Dus als God zegt op de vraag van Mozes, wie bent U en dan antwoordt God dus met een werkwoord, ik ben (tegenwoordige tijd), Ik ben er nu
dan kun je dus net zo goed lezen dat God tegen Mozes zegt, als die vraag naar Zijn naam:
Ik zal er zijn
We weten gewoon niet welke van de twee vertalingen klopt.

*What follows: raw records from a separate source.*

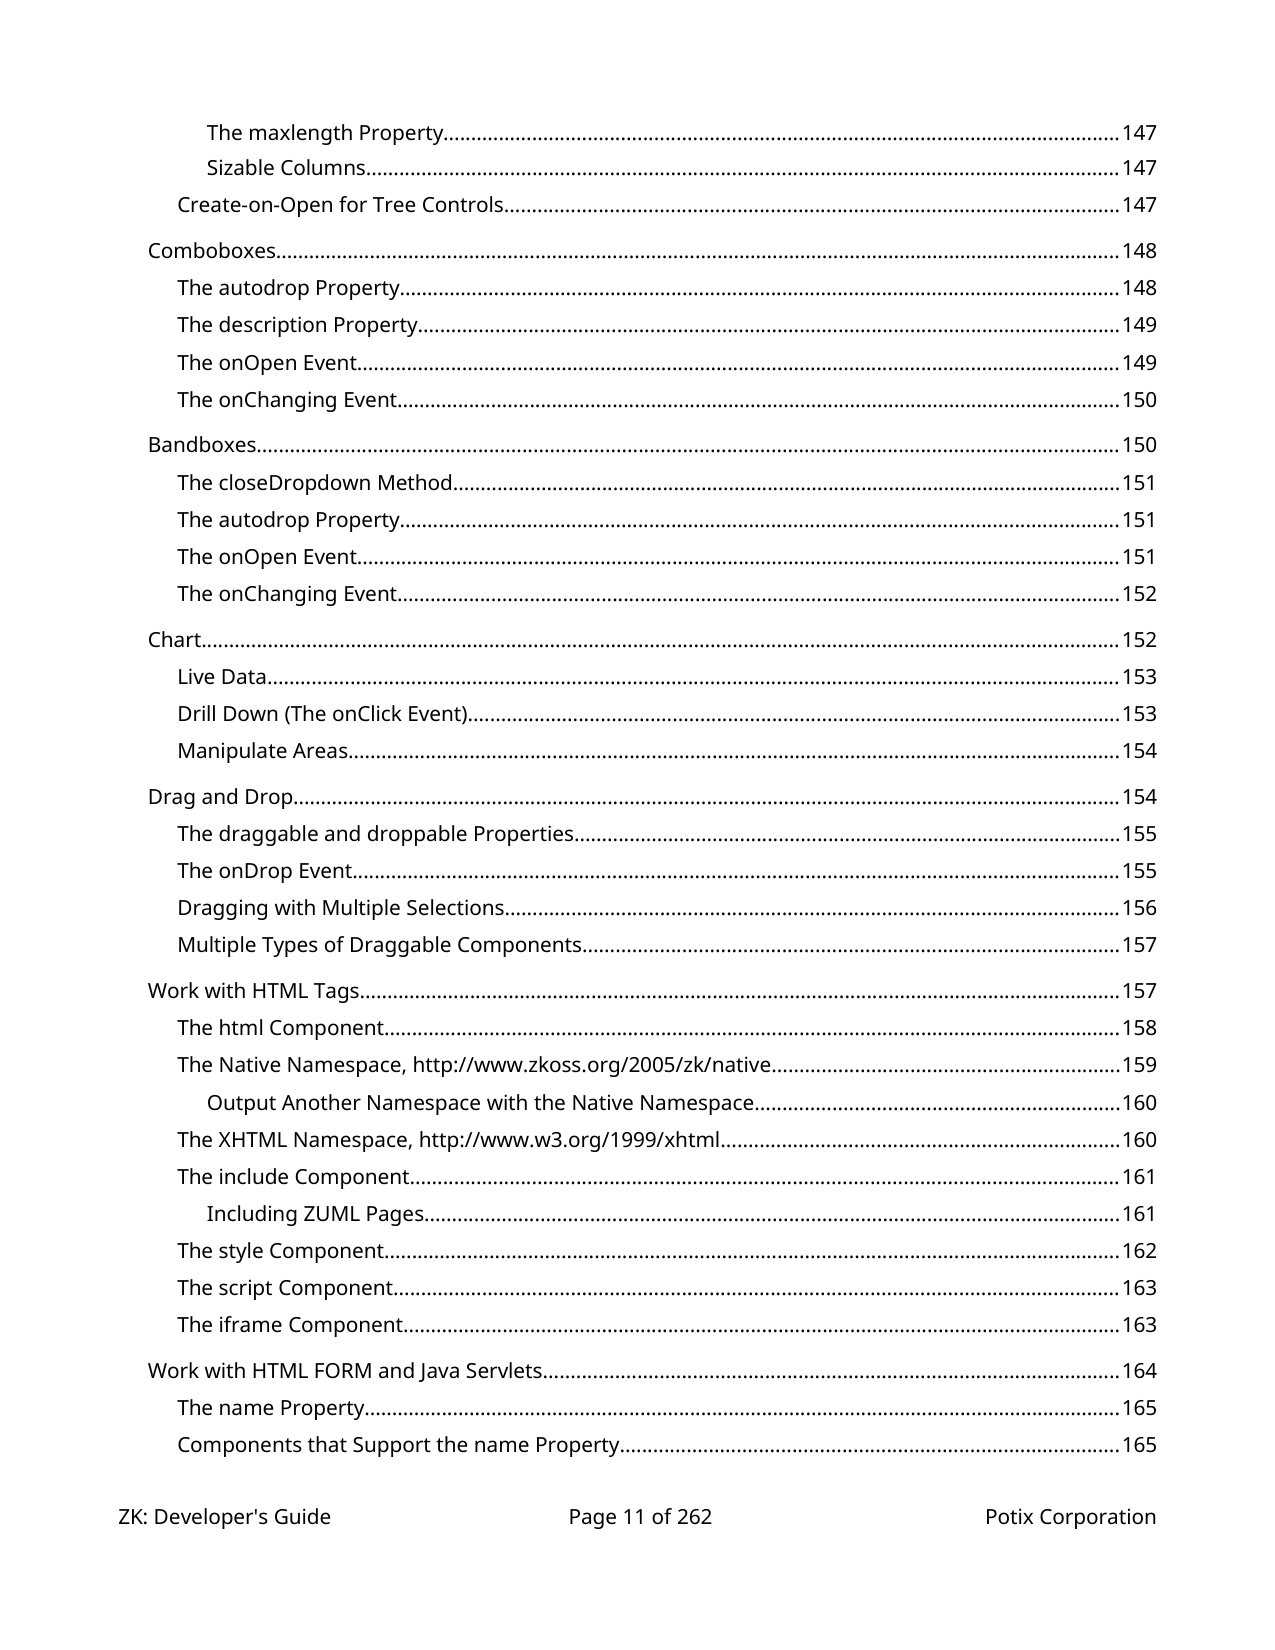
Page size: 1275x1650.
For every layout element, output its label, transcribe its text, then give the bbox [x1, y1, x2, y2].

text Work with HTML Tags 157 [148, 976, 1157, 1004]
text Chart 152 [148, 625, 1157, 653]
text Create-on-Open for Tree Controls 147 [177, 190, 1157, 219]
text Work with HTML FORM and Java Servlets 164 [148, 1356, 1157, 1384]
text The draggable and droppable Properties 155 [177, 819, 1157, 847]
text Manipulate Areas 154 [177, 736, 1157, 764]
text Output Another Namespace with the Native Namespace 160 [207, 1088, 1157, 1116]
text The onOpen Event 149 [177, 348, 1157, 376]
text The closeDropdown Method 151 [177, 468, 1157, 496]
text Drag and Drop 154 [148, 782, 1157, 810]
text The description Property 149 [177, 311, 1157, 339]
text Live Data 153 [177, 662, 1157, 690]
text The style Component 162 [177, 1236, 1157, 1264]
text Comboboxes 148 [148, 236, 1157, 264]
text The onOpen Event 151 [177, 542, 1157, 570]
text Sizable Columns 147 [207, 153, 1157, 182]
text The maxlength Property 147 [207, 118, 1157, 146]
text The include Component 161 [177, 1162, 1157, 1190]
text Dragging with Multiple Selections 156 [177, 893, 1157, 922]
text Multiple Types of Draggable Components 157 [177, 930, 1157, 959]
text The XHTML Namespace, http://www.w3.org/1999/xhtml 160 [177, 1125, 1157, 1153]
text Drill Down (The onClick Event) 153 [177, 699, 1157, 727]
text The html Component 158 [177, 1013, 1157, 1042]
text The Native Namespace, http://www.zkoss.org/2005/zk/native 159 [177, 1051, 1157, 1079]
text The onDrop Event 155 [177, 856, 1157, 884]
text The iframe Component 163 [177, 1310, 1157, 1338]
text Bandboxes 150 [148, 431, 1157, 459]
text Components that Support the name Property 165 [177, 1430, 1157, 1458]
text The script Component 163 [177, 1273, 1157, 1301]
text Including ZUML Pages 161 [207, 1199, 1157, 1227]
text The onChanging Event 150 [177, 385, 1157, 413]
text The onChanging Event 152 [177, 579, 1157, 607]
text The name Property 165 [177, 1393, 1157, 1421]
text The autodrop Property 151 [177, 505, 1157, 533]
text The autodrop Property 148 [177, 273, 1157, 302]

Verschillende bijbelvertalingen hebben de naam van God dan ook verschillend vertaald.
De Statenvertaling, de eerste bijbelvertaling in het Nederlands, ooit begin 1600 geschreven in opdracht van de Staten Generaal, vandaar de naam Statenvertaling en die Statenvertaling wordt eigenlijk door iedereen wordt gezien als de beste vertaling die er ooit gemaakt is, vertaalt de naam van God met: Ik zal zijn. God in de toekomstige tijd dus.
en de Willibrord vertaling, die hier ook in deze kerk en in bijna alle Rooms Katholieke kerken gelezen wordt, noemt de naam van God ook als : Ik zal er zijn
Maar de vertaling van het Nederlands Bijbelgenootschap in 1951 vertaalt de naam Jahweh als Ik ben, Ik ben er nu
en de Groot Nieuws bijbel, een wat makkelijker leesbare vertaling doet dat ook.

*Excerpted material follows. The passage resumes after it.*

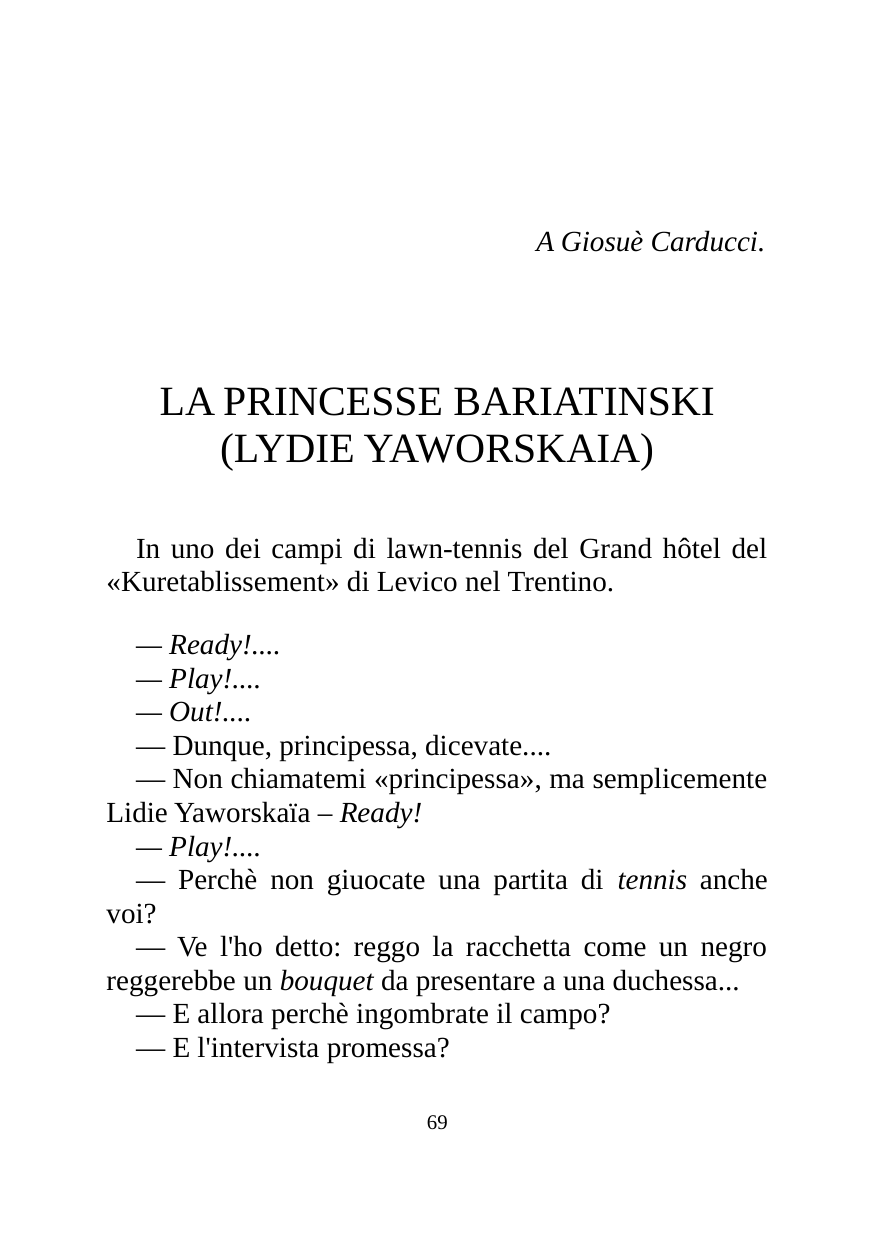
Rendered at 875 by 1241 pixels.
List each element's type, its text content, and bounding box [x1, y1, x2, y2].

Ik ben die Ik ben, tegenwoordige tijd
Met die naam laat God aan ons zien
Ik ben onveranderlijk, Ik ben altijd een en dezelfde, Ik blijf aan mezelf trouw

Met Ik zal er zijn, de andere mogelijkheid, zegt God:
wat er ook in jouw leven gebeurt, op de mooie dagen, op de slechte dagen, Ik zal er altijd voor je zijn. Daarin hoor je veel meer de belofte, dat God je nooit in de steek laat.

Het is wel grappig, dat de tekstschrijver van het lied, wat we straks gaan zingen, het lied van Sela, die tekstschrijver heet Hans Maat, ik ken hem toevallig, was een vroegere collega van me, hele beste jongen
die heeft het echt heel mooi opgelost opgelost in dat lied en wel als volgt:

In het refrein:
Ik ben die Ik ben is Uw eeuwige naam
onnoembaar aanwezig deelt U mijn bestaan.
Hoe adembenemend, ontroerend dichtbij
Uw naam is Ik ben én Ik zal er zijn.

Hij noemt ze dus gewoon allebei en ik denk dat hij daarmee voor mij dichtbij de waarheid is:
want God is er nu, je zou er  toch niet aan moeten denken dat God alleen maar iets is voor straksen dat Hij geen betekenis heeft voor het heden, ja, Hij is er nu al in jouw leven
maar God zal er ook altijd zijn, Hij is er ook straks.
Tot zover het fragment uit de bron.